Problem statement
Everything in the data below is left aside except the lines from the one containing "- strainer (967,456,1322,822)" through the one containing "- spatula (853,123,1336,394)"; repeat those exactly.
Top of Excerpted data
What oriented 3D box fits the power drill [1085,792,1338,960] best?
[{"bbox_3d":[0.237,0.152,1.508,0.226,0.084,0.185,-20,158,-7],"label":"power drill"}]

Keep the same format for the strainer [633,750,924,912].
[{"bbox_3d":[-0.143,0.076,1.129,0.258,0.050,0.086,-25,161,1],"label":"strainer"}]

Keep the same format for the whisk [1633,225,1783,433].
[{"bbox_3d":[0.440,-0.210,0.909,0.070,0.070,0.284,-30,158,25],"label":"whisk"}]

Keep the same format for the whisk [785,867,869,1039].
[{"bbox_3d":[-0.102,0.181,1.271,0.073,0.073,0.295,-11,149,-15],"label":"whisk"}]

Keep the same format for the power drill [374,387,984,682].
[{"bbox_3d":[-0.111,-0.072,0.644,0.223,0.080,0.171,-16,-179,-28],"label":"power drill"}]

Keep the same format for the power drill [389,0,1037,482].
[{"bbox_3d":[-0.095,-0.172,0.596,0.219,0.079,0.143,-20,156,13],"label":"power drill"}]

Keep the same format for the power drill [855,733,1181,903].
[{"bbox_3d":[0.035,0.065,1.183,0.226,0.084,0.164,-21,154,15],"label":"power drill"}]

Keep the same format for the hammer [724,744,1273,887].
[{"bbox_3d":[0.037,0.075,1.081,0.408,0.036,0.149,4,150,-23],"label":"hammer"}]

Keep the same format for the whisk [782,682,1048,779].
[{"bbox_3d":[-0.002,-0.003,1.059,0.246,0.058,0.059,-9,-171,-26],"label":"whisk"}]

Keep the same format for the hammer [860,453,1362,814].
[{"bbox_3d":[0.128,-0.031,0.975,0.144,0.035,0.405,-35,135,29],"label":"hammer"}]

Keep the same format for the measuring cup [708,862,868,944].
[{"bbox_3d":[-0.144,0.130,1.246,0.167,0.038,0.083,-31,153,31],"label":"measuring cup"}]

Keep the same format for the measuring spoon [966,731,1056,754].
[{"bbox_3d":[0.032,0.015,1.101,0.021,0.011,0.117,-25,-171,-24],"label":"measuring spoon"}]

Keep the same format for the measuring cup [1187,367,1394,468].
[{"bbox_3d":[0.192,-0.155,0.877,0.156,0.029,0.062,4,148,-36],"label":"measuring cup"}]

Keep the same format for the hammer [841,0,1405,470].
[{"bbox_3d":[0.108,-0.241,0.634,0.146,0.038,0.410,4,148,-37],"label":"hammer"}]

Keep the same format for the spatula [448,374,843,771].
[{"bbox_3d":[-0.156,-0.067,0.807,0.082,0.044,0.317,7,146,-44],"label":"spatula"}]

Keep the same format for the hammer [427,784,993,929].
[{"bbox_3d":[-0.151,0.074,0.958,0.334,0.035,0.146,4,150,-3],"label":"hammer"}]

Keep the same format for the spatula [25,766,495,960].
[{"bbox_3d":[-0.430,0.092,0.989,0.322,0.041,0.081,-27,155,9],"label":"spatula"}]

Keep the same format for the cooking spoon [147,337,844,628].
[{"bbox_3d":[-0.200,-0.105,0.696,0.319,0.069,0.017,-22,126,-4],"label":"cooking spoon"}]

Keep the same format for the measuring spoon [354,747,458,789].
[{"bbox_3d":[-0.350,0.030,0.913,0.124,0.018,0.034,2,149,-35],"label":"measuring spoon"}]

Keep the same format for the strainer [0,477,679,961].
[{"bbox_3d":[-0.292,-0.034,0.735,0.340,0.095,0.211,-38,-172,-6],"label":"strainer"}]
Bottom of Excerpted data
Top of Excerpted data
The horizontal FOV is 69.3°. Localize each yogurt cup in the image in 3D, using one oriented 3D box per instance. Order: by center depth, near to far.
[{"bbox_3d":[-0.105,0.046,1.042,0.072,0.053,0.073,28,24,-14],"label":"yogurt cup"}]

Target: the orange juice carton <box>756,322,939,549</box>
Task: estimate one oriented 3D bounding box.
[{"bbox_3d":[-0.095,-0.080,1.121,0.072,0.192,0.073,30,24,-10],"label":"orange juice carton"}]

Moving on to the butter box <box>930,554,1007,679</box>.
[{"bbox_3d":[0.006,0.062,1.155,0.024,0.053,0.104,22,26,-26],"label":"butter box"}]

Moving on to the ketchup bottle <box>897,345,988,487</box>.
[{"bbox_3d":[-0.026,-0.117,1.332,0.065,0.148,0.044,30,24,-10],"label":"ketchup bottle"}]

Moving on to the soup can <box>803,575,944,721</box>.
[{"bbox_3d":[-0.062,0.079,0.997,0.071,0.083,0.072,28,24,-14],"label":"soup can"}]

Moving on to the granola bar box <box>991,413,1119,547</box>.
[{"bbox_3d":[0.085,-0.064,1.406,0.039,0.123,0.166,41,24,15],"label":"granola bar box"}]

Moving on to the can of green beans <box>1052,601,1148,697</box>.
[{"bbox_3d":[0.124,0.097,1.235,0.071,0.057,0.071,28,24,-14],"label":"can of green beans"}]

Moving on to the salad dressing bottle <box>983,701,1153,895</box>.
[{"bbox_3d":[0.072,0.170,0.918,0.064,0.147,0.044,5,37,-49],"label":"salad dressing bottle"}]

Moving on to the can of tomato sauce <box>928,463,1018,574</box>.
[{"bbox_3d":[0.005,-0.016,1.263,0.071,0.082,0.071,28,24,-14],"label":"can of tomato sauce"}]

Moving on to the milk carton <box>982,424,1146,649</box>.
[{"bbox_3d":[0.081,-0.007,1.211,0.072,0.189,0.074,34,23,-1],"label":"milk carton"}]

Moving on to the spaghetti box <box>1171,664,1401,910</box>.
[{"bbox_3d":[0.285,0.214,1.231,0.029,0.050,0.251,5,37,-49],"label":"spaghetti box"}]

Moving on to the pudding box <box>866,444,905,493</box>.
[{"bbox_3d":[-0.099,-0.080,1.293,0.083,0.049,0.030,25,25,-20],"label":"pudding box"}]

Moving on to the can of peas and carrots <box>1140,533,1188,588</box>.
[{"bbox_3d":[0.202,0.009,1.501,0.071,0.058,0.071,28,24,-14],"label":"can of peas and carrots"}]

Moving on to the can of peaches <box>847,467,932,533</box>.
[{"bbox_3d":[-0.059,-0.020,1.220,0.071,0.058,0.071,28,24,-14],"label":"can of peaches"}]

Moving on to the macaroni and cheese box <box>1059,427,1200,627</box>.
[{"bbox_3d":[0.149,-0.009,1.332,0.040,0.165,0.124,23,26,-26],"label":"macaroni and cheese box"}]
Bottom of Excerpted data
Top of Excerpted data
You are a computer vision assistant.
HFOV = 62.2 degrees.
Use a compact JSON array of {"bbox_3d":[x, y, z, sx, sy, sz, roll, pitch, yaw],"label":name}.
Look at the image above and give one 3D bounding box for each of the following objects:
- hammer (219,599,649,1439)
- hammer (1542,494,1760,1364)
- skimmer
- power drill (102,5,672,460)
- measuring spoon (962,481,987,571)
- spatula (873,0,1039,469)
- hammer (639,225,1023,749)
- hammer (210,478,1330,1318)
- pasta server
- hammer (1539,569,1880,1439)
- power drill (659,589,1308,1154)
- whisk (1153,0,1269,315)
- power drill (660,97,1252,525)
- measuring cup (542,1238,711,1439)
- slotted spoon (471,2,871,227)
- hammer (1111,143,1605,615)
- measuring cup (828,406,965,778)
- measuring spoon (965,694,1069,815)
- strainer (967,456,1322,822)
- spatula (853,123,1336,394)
Bottom of Excerpted data
Result of the exercise
- strainer (967,456,1322,822)
- spatula (853,123,1336,394)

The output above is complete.